TASK INSTRUCTIONS
Only the lines from the start of the entries up to and including the line with "text post[pos] = 0; [89, 1392, 1186, 1420]" should be written out, exactly as they stand.

(Records from a data source)
BEGIN

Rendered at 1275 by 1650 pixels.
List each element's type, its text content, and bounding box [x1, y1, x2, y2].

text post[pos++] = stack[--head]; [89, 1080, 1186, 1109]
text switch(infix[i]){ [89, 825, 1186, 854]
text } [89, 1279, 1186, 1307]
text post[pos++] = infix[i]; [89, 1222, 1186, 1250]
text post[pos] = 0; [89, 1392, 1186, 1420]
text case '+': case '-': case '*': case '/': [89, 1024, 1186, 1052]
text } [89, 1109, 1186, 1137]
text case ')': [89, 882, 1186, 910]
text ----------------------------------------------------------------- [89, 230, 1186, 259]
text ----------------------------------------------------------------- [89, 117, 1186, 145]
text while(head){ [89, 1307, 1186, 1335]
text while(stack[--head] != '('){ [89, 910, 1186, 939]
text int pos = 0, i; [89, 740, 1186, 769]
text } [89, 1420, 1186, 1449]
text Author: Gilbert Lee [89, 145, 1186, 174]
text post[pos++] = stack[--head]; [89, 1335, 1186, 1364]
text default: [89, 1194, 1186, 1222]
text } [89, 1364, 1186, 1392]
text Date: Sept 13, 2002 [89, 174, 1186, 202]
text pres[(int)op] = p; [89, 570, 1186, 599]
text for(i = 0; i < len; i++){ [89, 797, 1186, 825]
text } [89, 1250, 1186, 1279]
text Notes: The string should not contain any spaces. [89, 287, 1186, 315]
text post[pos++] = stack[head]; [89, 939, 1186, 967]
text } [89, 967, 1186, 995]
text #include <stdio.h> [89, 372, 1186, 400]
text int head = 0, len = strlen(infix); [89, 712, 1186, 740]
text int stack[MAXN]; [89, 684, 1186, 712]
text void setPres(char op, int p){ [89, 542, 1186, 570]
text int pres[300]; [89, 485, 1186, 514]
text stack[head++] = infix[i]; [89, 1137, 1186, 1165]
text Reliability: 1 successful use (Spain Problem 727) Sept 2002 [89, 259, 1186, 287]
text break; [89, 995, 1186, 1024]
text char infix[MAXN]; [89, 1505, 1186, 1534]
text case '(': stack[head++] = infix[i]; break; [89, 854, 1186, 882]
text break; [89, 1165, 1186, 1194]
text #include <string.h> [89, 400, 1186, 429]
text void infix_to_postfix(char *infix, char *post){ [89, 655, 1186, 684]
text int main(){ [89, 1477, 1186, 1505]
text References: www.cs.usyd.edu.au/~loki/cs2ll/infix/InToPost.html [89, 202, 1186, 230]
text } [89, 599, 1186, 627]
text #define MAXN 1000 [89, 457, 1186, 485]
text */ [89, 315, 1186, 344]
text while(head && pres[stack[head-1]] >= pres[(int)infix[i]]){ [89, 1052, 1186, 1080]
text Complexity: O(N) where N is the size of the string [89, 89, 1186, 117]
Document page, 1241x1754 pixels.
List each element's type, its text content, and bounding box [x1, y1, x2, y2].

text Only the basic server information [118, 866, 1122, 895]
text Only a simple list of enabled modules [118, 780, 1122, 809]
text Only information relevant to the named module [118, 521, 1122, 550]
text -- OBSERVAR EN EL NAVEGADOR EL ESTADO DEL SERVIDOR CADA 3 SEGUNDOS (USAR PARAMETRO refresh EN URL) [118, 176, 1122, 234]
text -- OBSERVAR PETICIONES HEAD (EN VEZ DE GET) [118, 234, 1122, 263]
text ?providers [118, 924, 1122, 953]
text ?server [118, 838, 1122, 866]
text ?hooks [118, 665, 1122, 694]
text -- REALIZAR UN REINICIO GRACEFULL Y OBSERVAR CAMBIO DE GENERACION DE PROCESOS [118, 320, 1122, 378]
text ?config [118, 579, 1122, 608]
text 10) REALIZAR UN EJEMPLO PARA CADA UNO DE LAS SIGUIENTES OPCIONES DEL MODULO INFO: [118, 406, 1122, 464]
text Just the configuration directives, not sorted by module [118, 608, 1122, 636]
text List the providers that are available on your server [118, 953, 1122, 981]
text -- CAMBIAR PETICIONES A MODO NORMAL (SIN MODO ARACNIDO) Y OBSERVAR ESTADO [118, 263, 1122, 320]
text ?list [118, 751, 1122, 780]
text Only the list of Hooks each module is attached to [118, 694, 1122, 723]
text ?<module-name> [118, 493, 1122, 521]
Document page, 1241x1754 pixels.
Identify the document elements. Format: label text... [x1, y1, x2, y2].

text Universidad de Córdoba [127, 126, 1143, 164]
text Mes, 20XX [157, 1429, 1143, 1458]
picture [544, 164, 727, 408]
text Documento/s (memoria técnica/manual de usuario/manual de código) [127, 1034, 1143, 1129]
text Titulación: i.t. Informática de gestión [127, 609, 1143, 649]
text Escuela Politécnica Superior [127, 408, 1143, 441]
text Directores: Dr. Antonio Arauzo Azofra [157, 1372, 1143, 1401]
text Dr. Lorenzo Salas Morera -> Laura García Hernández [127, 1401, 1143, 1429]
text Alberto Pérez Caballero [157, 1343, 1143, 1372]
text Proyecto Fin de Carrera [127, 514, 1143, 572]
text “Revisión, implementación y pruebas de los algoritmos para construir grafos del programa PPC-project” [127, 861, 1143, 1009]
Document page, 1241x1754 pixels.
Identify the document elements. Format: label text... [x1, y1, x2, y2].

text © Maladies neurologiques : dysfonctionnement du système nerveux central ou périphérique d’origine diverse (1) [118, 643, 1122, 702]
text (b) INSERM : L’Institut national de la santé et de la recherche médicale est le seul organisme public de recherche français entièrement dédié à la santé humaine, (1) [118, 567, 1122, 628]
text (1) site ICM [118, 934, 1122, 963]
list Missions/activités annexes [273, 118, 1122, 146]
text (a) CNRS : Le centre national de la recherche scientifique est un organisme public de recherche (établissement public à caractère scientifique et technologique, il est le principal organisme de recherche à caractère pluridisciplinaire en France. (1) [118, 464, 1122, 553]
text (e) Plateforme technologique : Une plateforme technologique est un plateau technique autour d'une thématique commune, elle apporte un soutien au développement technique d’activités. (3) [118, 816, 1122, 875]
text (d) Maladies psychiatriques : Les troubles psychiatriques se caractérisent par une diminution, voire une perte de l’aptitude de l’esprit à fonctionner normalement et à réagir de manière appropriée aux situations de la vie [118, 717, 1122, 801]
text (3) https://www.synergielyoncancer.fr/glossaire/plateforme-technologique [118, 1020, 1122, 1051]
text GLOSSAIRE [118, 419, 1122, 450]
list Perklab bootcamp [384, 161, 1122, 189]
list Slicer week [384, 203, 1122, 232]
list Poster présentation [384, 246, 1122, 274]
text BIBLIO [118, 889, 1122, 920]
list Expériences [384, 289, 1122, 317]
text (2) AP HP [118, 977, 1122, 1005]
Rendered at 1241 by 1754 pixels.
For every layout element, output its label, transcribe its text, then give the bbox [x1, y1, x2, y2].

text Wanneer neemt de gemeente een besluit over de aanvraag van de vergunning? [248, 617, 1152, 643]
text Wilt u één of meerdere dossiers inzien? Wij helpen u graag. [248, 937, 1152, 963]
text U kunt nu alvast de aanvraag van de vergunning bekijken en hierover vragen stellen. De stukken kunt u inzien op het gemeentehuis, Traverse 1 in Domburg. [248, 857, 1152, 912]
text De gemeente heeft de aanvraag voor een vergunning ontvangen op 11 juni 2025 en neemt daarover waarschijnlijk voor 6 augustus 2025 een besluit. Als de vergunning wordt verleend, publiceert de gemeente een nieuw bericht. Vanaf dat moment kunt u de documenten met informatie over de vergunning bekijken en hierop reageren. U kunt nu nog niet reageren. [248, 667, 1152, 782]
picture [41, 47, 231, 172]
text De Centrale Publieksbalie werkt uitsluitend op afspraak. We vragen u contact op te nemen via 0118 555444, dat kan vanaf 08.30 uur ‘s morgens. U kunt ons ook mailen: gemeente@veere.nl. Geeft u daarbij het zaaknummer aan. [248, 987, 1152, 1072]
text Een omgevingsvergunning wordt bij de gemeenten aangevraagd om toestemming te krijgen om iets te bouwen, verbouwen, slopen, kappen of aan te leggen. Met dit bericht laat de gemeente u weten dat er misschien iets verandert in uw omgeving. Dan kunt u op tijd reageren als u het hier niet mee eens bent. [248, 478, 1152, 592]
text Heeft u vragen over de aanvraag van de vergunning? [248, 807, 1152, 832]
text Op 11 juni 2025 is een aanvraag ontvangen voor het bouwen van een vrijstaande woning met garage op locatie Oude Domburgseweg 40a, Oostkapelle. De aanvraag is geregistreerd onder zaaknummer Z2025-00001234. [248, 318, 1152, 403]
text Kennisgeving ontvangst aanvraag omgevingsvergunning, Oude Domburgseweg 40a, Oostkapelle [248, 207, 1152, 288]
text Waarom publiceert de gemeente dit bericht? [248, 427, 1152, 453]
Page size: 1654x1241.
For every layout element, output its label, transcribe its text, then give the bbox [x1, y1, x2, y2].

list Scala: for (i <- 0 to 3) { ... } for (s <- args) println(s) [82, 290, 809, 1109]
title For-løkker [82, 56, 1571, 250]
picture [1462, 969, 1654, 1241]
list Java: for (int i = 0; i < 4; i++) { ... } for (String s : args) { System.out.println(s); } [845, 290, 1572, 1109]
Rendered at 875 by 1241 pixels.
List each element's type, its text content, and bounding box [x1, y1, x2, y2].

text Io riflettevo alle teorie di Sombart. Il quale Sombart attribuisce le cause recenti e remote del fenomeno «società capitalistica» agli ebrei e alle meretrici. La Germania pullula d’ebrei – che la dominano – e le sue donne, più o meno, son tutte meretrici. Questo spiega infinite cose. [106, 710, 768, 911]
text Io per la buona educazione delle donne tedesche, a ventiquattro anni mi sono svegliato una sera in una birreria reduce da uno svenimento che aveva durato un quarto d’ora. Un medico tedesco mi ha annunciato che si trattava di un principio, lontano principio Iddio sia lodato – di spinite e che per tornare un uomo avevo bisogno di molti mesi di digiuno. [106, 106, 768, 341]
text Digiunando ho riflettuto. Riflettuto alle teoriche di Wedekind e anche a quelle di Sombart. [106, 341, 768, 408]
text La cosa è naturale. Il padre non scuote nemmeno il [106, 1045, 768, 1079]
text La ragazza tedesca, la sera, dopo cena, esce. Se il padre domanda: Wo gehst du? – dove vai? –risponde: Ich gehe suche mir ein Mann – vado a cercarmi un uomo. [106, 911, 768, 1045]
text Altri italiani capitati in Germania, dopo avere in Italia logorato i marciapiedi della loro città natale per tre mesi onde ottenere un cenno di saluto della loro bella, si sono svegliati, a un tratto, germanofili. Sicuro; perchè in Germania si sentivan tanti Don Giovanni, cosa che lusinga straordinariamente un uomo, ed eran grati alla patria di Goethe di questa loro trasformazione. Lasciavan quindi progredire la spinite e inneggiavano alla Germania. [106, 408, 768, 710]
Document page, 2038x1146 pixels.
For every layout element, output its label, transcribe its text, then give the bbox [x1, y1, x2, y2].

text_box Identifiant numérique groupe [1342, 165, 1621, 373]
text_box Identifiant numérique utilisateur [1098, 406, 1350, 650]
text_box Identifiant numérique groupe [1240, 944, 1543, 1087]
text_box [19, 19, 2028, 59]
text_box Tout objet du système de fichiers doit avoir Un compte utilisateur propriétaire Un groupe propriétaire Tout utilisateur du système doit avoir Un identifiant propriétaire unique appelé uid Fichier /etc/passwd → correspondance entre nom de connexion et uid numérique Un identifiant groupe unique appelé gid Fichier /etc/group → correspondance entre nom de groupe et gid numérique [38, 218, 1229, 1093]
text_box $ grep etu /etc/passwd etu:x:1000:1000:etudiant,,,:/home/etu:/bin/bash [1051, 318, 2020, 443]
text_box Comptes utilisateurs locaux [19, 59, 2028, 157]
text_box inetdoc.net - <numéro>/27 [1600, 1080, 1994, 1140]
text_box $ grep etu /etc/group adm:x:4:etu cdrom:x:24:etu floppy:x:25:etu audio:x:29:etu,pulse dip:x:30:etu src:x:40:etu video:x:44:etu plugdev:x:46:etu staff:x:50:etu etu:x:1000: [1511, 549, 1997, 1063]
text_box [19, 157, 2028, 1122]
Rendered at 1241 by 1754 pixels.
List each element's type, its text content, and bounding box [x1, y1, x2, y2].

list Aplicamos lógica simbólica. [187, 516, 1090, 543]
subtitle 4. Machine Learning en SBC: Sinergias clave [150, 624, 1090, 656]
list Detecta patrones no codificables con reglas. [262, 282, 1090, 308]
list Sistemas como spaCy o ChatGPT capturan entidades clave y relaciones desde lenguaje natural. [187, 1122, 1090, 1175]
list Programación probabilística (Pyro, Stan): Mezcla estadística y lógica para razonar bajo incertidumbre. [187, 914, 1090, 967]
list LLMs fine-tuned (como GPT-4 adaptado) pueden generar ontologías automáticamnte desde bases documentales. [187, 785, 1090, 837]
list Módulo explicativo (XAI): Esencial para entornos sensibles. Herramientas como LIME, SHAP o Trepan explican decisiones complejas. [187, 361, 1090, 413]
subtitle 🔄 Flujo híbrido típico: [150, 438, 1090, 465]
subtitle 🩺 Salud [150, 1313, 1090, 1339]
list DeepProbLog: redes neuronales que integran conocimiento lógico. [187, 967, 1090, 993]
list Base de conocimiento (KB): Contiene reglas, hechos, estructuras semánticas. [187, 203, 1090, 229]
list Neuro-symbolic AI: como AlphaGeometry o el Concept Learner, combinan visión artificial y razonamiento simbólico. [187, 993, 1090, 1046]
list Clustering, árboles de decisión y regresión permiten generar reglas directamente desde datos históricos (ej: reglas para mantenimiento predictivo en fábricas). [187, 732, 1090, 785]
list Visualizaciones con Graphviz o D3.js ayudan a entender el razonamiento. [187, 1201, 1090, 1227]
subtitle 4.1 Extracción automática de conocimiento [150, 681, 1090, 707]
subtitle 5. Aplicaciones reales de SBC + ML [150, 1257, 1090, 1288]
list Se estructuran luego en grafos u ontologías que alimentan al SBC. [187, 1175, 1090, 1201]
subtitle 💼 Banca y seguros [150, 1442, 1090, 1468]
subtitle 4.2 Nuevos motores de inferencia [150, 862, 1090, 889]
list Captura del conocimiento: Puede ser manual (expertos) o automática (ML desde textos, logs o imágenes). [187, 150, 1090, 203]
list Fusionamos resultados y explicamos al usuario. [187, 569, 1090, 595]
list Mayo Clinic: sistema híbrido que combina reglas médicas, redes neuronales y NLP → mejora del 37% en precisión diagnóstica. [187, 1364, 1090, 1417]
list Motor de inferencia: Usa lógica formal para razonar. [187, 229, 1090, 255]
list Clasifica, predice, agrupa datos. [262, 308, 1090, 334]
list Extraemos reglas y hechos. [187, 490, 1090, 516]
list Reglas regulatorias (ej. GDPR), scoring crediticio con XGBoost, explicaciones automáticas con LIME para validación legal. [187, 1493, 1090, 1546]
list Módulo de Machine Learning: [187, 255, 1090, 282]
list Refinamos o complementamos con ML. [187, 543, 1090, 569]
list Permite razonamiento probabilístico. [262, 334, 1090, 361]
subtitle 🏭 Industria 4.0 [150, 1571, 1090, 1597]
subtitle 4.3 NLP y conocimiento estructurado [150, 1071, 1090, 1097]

END

EXERCISE OUTPUT
Rendered at 1275 by 1650 pixels.
List each element's type, its text content, and bounding box [x1, y1, x2, y2].

text post[pos++] = stack[--head]; [89, 1080, 1186, 1109]
text switch(infix[i]){ [89, 825, 1186, 854]
text } [89, 1279, 1186, 1307]
text post[pos++] = infix[i]; [89, 1222, 1186, 1250]
text post[pos] = 0; [89, 1392, 1186, 1420]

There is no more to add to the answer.